計画規模は最大64億2000万ドルで、日本円換算で約1兆172億円にのぼり、暗号資産(仮想通貨)トレジャリー拡大の流れに見直しが入り始めたことを示したとみられます。

終了したのは、3社が進めていた事業統合契約です。SEC提出資料と共同発表では、中止の理由として市場環境に加え、事業やステークホルダーをめぐる優先順位の変化を挙げました。

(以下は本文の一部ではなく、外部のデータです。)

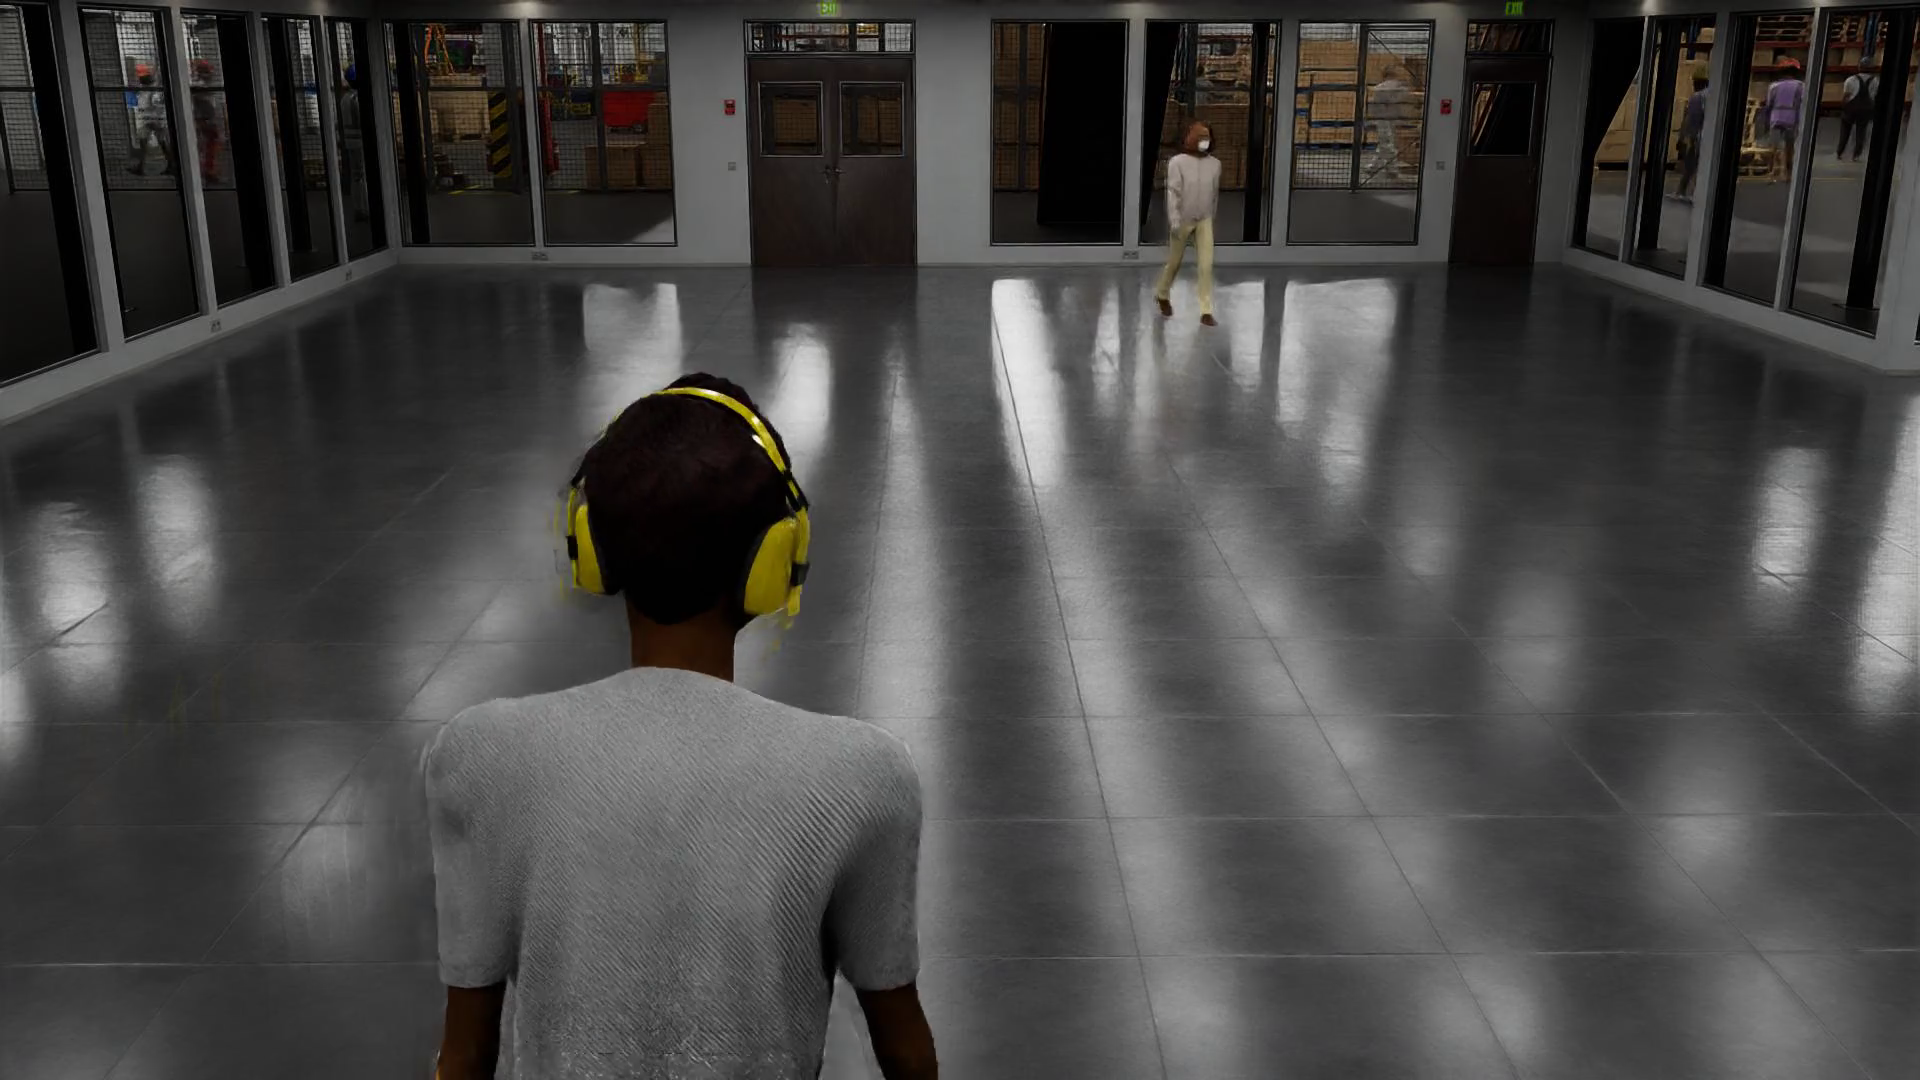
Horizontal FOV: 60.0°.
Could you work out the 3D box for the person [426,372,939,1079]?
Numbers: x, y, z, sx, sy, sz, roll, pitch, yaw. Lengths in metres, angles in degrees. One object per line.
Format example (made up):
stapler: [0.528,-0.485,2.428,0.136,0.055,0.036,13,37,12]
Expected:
person: [-0.280,0.740,1.770,0.518,1.810,1.000,2,17,8]

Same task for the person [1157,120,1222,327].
person: [1.833,-2.547,13.309,0.497,1.600,0.809,-5,17,-17]
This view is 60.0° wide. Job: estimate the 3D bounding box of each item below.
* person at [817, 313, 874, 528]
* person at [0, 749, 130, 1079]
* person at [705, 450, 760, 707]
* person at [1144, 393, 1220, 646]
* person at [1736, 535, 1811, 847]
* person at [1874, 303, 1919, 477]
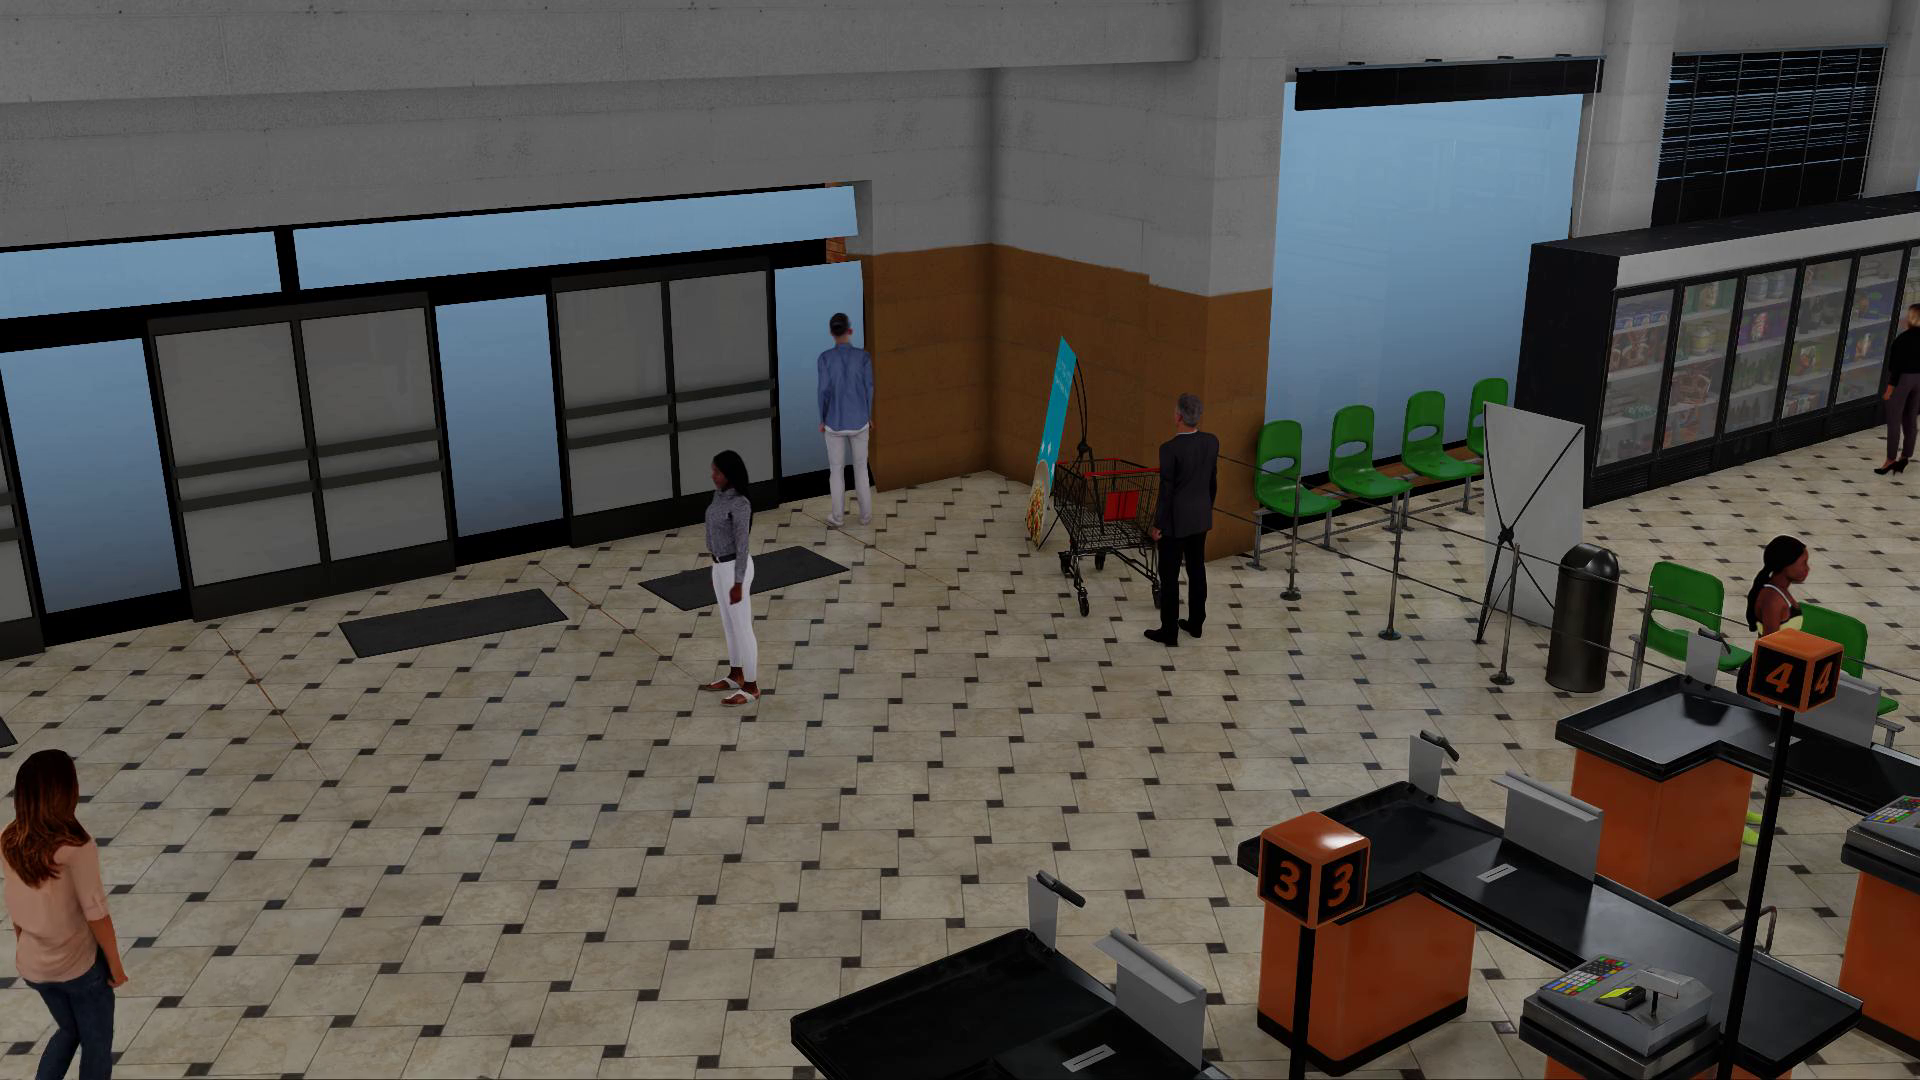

この構想は2025年8月に打ち出され、約63億1300万CROを組み入れることが中核に据えられていました。評価額は約10億ドルで、ここに現金や株式購入枠を加え、上場企業として大規模なCRO保有・ステーキング企業をつくる内容でした。

計画が実現すれば、CROの追加取得とステーキングを進める受け皿になる想定でした。中止によって、この大型トレジャリー構想は白紙に戻り、CROを財務戦略の中心に据える新会社の立ち上げも見送られることになります。

トランプ・メディアの暫定CEO、ケビン・マクガーン氏は、競争環境の変化が主因との見方を示しました。デジタル資産トレジャリー企業の市場は過去1年で飽和したとし、規制面への懸念よりも市場要因の影響が大きかったと説明しています。

暗号資産を企業財務に組み込む動きは、ビットコインを中心に上場企業の間で広がってきました。一方で、特定トークンを大量保有する専業型の構想は、資金調達環境や投資家需要、類似案件との競争に左右されやすく、今回の中止はその難しさを映す事例となりました。